56. The expression cassette of claim 54, wherein the polypeptides are IL-2, GM-CSF, and TK.

57. The expression cassette of claim 54 that is an adenovirus vector.

58. A method for inhibiting tumor cell metastasis in a mammal comprising introducing one or more vectors into a tumor cell or an area surrounding a tumor cell, wherein at least one of the vectors comprises the cassette of one of claims 1, 37, 50, or 54, and wherein the transgenes are selected from suicide genes and cytokines, and allowing the transgenes to be expressed in or surrounding the tumor cell.

57. The method of claim 58, wherein one or more vector is an adenovirus vector.

58. The method of claim 58, wherein the transgenes are IL-2 and GM-CSF.

59. The method of claim 58, wherein the transgenes are IL-2, GM-CSF, and TK.
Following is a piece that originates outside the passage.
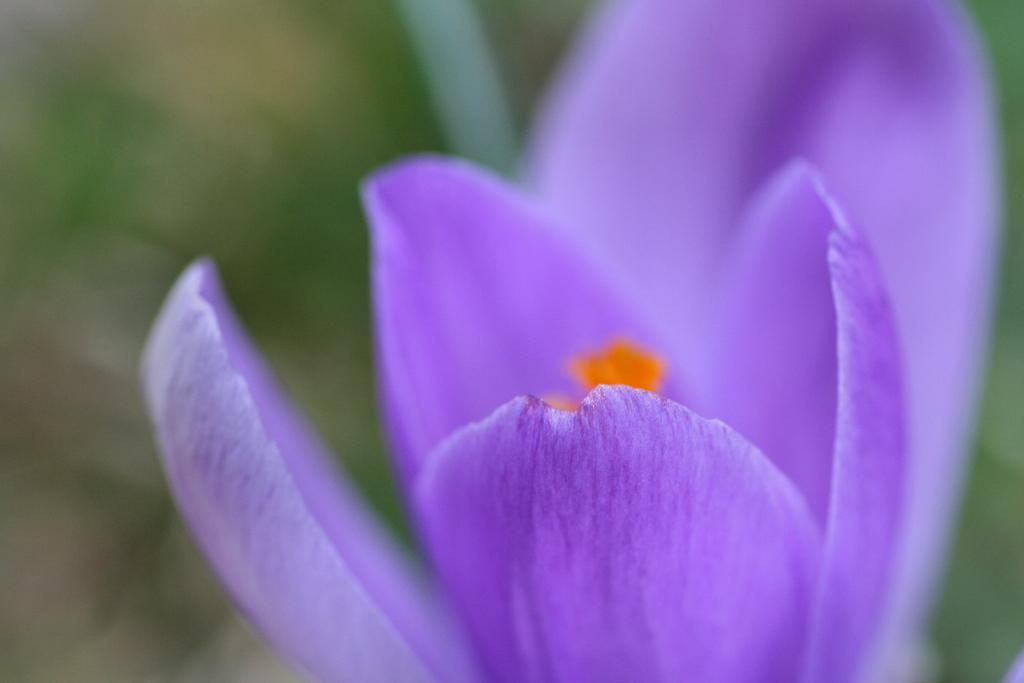What is the main subject in the foreground of the image? There is a purple color flower in the foreground of the image. How would you describe the background of the image? The background of the image is blurry. Can you identify any other plants or vegetation in the image? It is mentioned that there might be a plant in the background of the image. What type of behavior does the salt exhibit in the image? There is no salt present in the image, so its behavior cannot be observed or described. 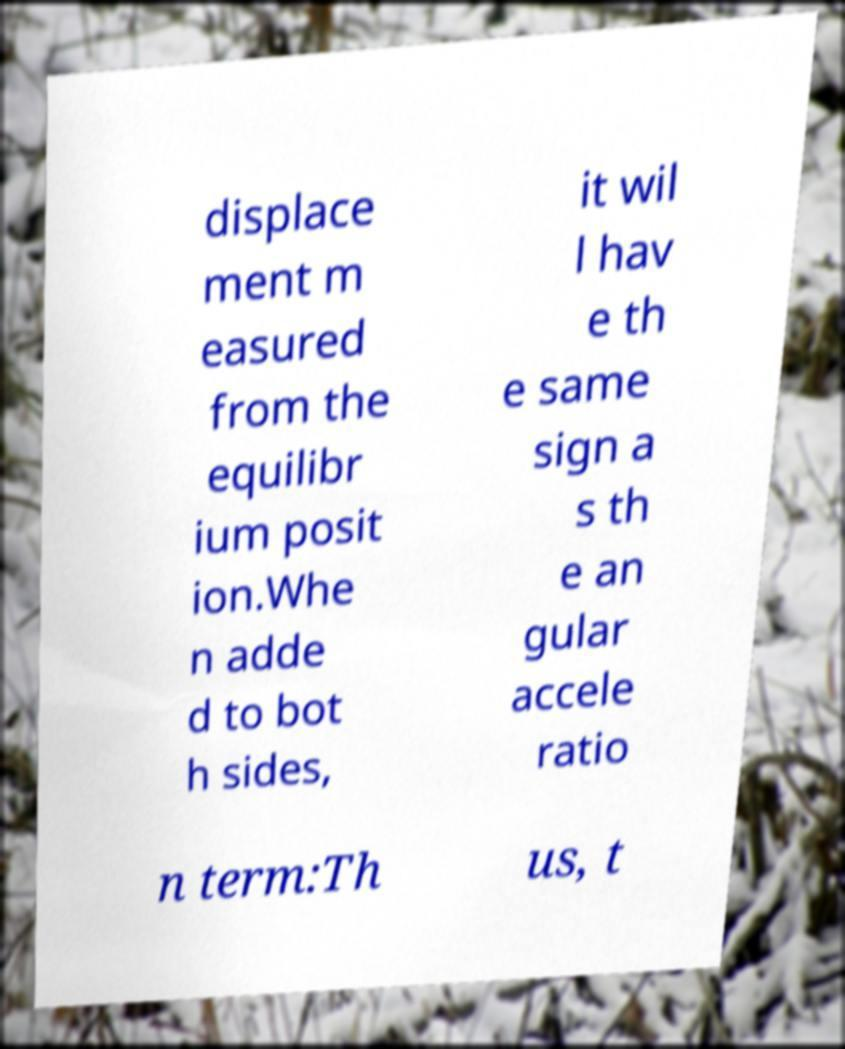Can you accurately transcribe the text from the provided image for me? displace ment m easured from the equilibr ium posit ion.Whe n adde d to bot h sides, it wil l hav e th e same sign a s th e an gular accele ratio n term:Th us, t

60. The method of claim 59, wherein each of the one or more vectors is an adenoviral vector.

61. A method of improving or producing immunity to a tumor in a mammal, comprising introducing a vector comprising an expression cassette of one of claims 1 or 37, wherein one of the transgenes is a suicide gene or apoptotic gene and a second transgene is a cytokine, and allowing the tumor cells lysed or killed by the activity of the suicide or apoptotic protein expressed from the suicide gene or apoptotic gene to produce an immune response to the tumor.

62. The method of claim 61, wherein the suicide gene is a TK gene.

63. The method of claim 61, wherein the cytokine gene is GM-CSF.

64. The method of claim 61, wherein the cytokine gene is IL-2.

65. The method of claim 61, wherein two separate vectors are used.

66. The method of claim 65, wherein the vectors together encode a TK gene, an IL-2, and a GM-CSF.

67. The method of claim 65, wherein the vectors are adenoviral vectors.

68. The expression cassette of claim 37, further comprising a third transgene.

69. The expression cassette of claim 68, wherein the transgenes encode a TK, an IL-2, and a GM-CSF.

70. The expression cassette of claim 69 that is an adenovirus vector.

71. The expression cassette of claim 69 that is a plasmid vector.